The aircraft’s environmental performance on fleet level is so far completely decoupled from the design process. The climate impact from aviation arising from non-CO2 effects are largely independent from CO2 emissions, but rather depend on the atmospheric state. Previously complex climate-chemistry models were used to evaluate the non-CO2 emissions impact on climate. This is far too computationally demanding for a multidisciplinary design optimisation (MDO) process, requiring a multitude of climate impact evaluations. The question then is, how to efficiently design the next generation climate optimal aircraft? In this paper, a new concept for designing aircraft with minimum climate impact using Climate Functions for Aircraft Design (CFAD) is presented. The content of this paper provides an overview of the development of these innovative CFAD and demonstrates the ability to be integrated in an existing MDO framework.

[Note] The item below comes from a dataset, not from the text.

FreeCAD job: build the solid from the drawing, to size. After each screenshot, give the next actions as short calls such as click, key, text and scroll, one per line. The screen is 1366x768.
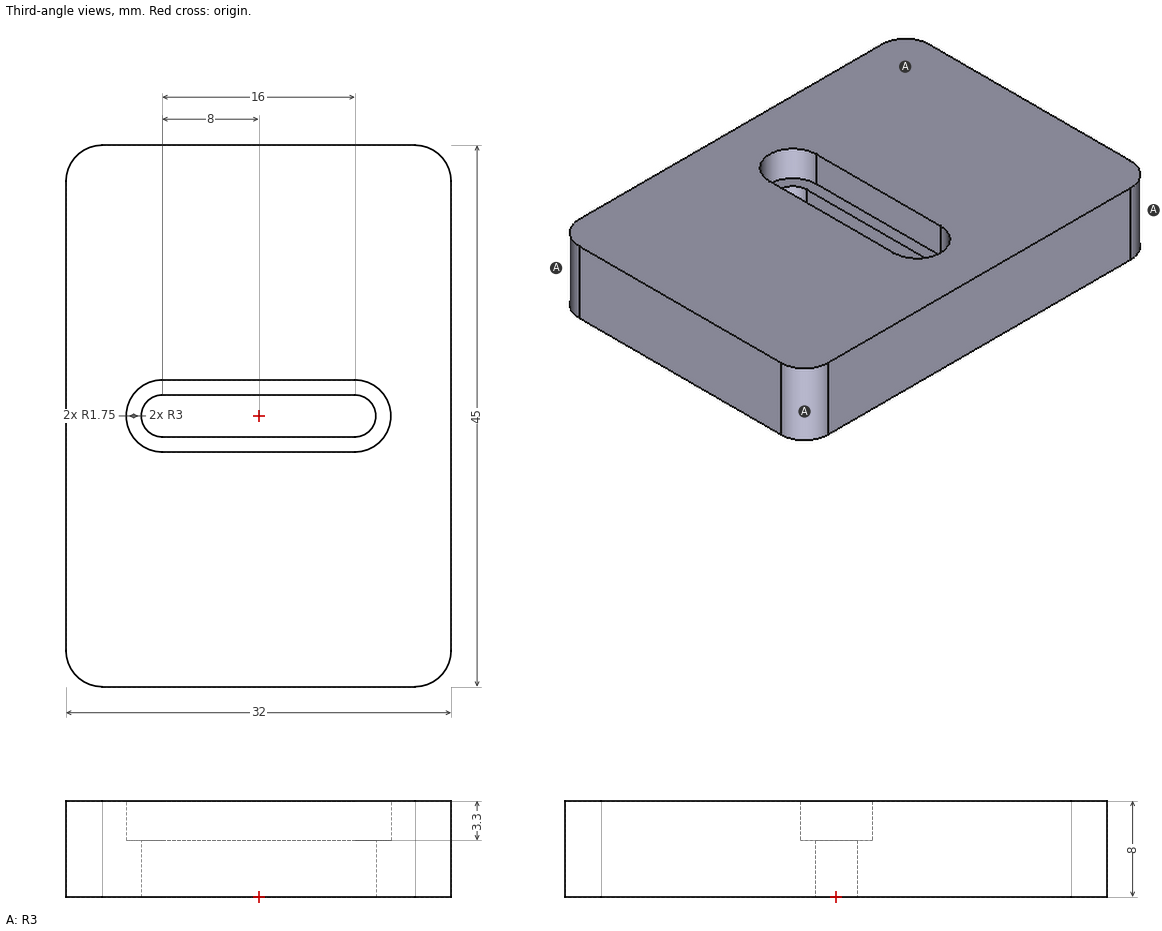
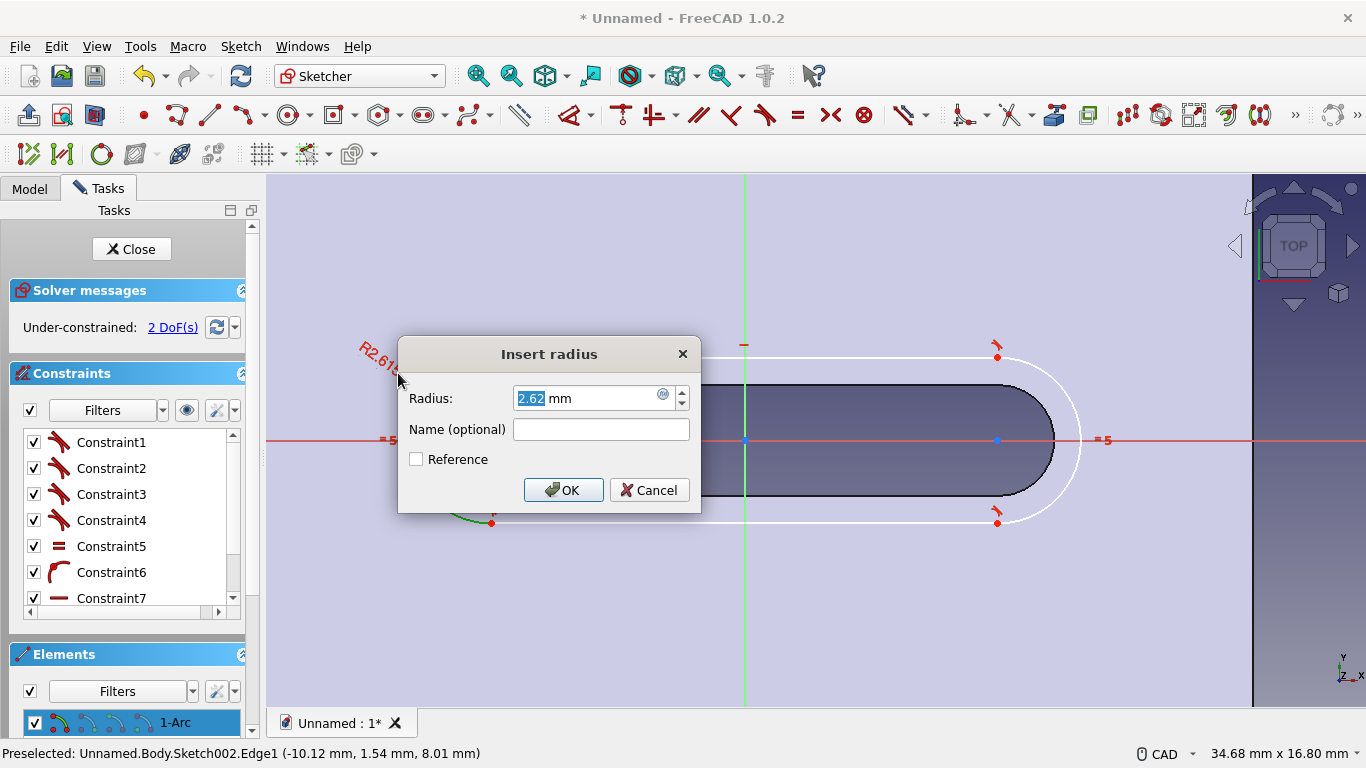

The mitigation potential by optimising aircraft design using CFAD is analysed with respect to different cruise conditions and by minimizing the overall climate impact. To validate the CFAD, a higher fidelity assessment is carried out. Finally, the key performance indicators, i.e. fuel consumption, flight time and operating cost, of the optimised aircraft design are compared to that of the reference aircraft.

Aviation ensures mobility for both passengers and goods. It is important as a transport sector for connections on and between continents. Nevertheless, aviation also contributes to anthropogenic climate change. The effects are usually divided in CO2 and non-CO2 effects and therefore not only CO2 emissions but also other emissions (e.g., NOx , water vapour or soot) and contrails are covered. To reduce the effects of aviation’s climate impact, several mitigation options are applied. One approach are climate change functions, which will be addressed here. The concept of climate change functions was used in previous projects, e.g. REACT4C, WeCare, ATM4E. The goal of these functions was to optimize the aircraft routes regarding the calculated climate impact. Climate change functions measure the climate impact per unit emission for a specific day, which considers the current meteorological conditions. Climate change functions were previously used to optimize the aircraft routings. The concept should now be applied for the optimization of the aircraft design as well since the promising concept is currently missing for the application of aircraft design optimization. The climate functions for aircraft design will connect the aircraft design with the climate impact of various emission in order to be able to optimize the aircraft design. For the calculation of the functions, it is necessary to define a specific application. This application results from a combination of aircraft design parameters. Aircraft design parameters can be for example flight altitude, climb rate, speed or range. Based on a resulting emission inventory, the temperature response can be calculated with the model “AirClim”. This model calculates with the input, first, the radiative forcing and based on that the temperature change. The final development step is the verification of the climate functions.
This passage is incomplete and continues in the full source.